*** Begin section ***
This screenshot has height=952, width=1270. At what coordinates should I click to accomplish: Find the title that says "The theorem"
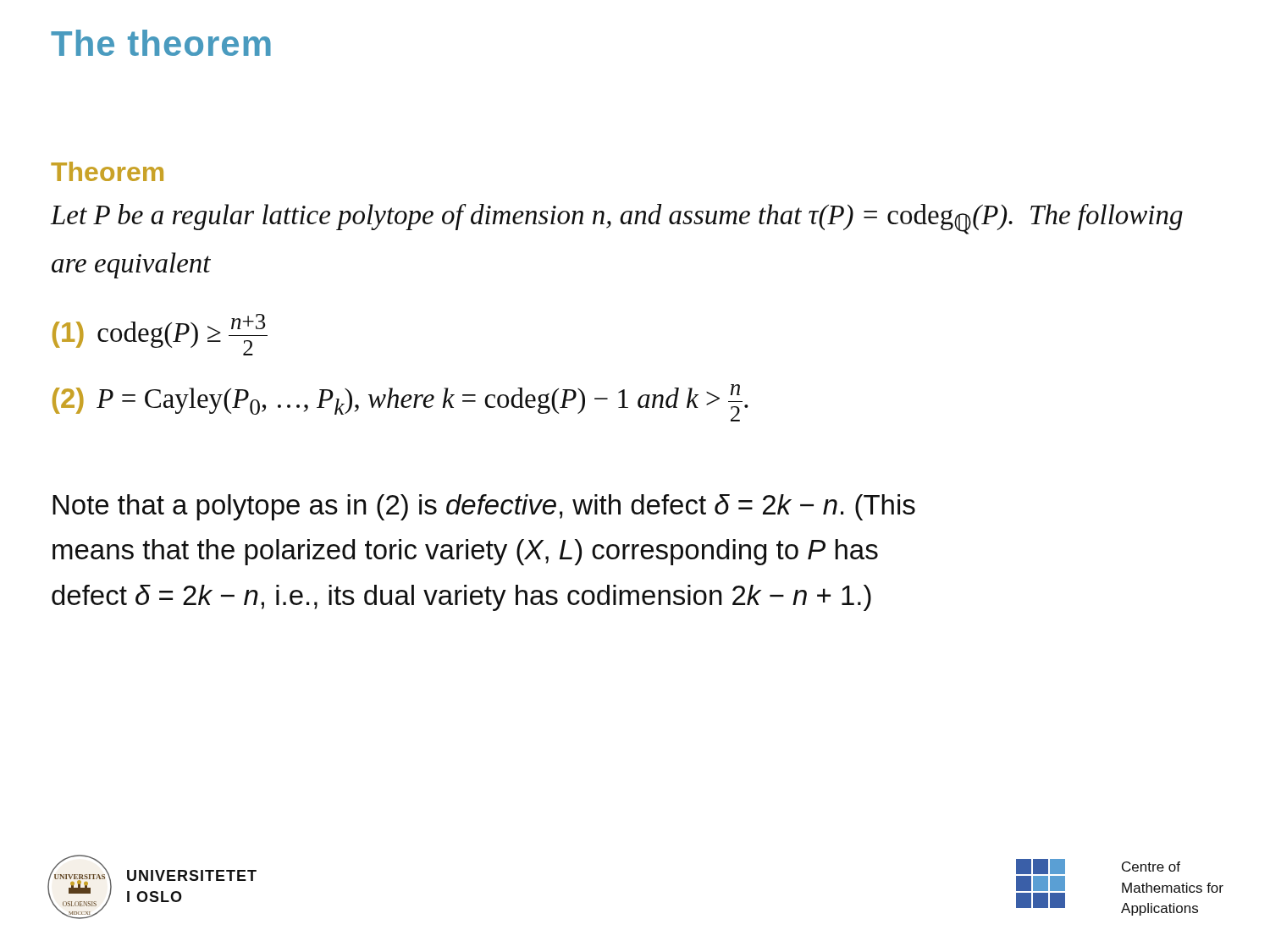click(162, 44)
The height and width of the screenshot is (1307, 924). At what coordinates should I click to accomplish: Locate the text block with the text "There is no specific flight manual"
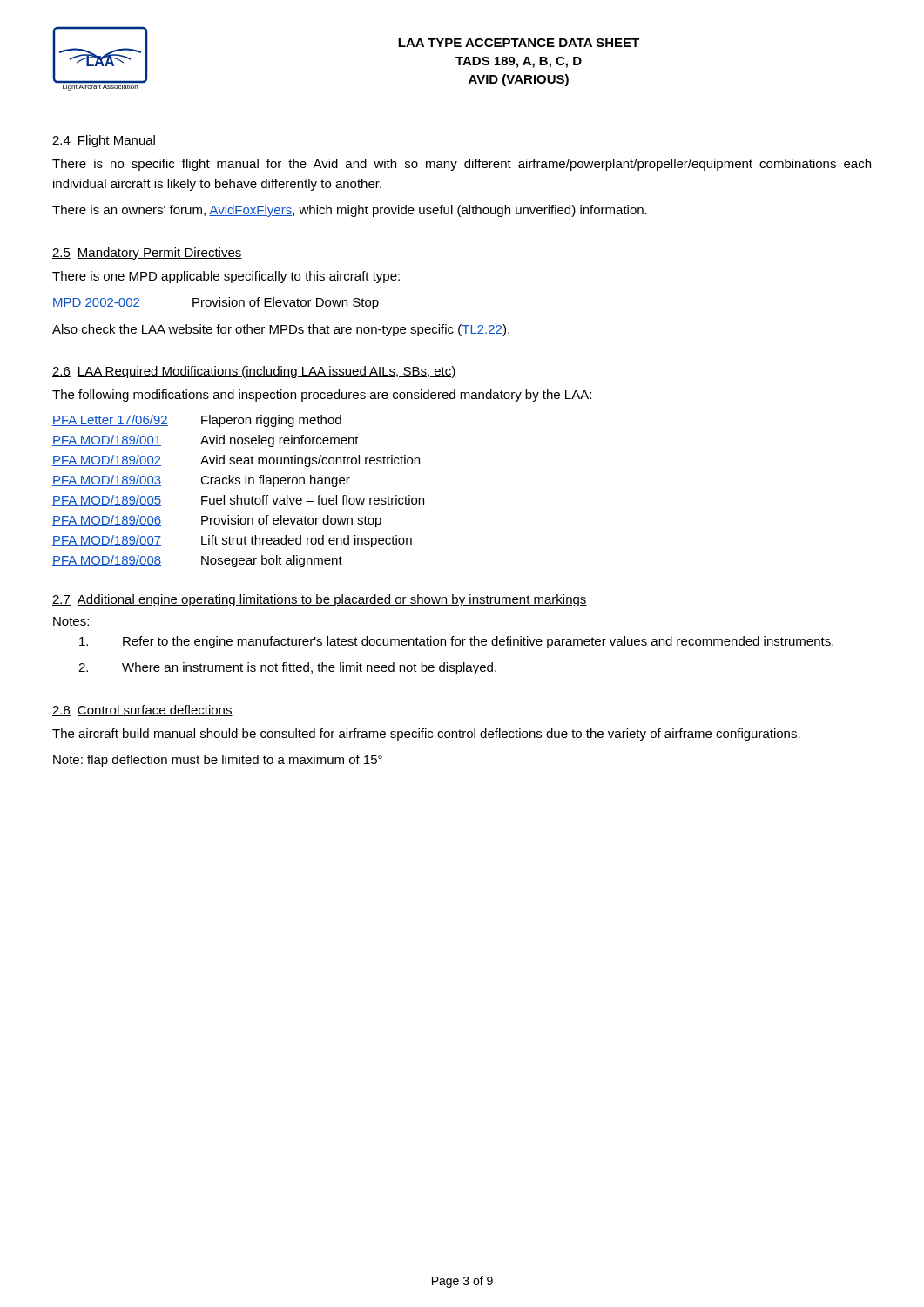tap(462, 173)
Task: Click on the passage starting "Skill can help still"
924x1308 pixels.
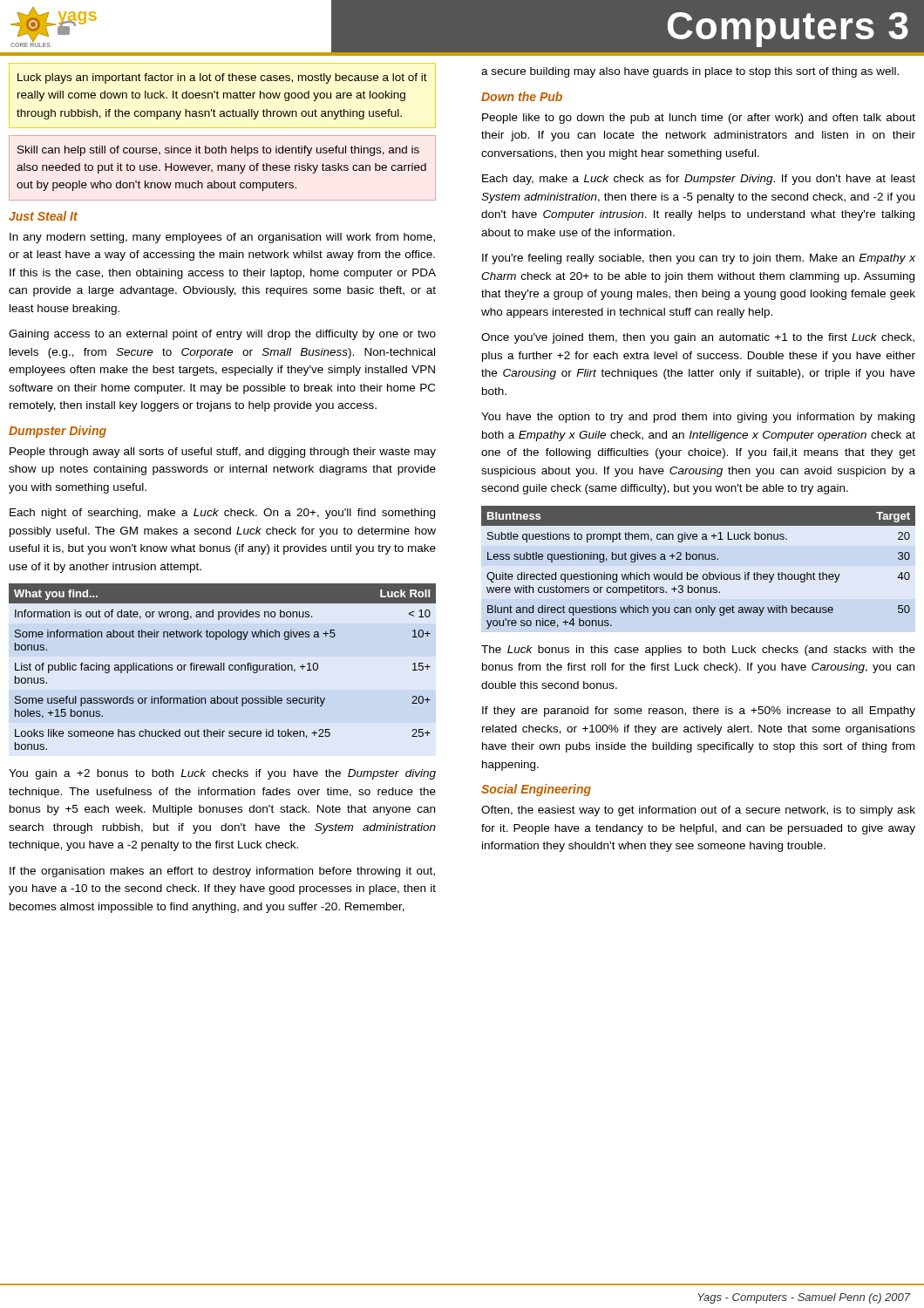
*** End section ***
▸ **Goal of the exercise**: Nothing but the lines from the line containing "The height and" through the last line of the records above is to be extracted, exactly and with no pictures.

▸ **Exercise response**:
The height and width of the screenshot is (1307, 924). At what coordinates should I click to accomplish: Locate the text block with the text "There is no specific flight manual"
tap(462, 173)
Task: Click on the passage starting "Skill can help still"
924x1308 pixels.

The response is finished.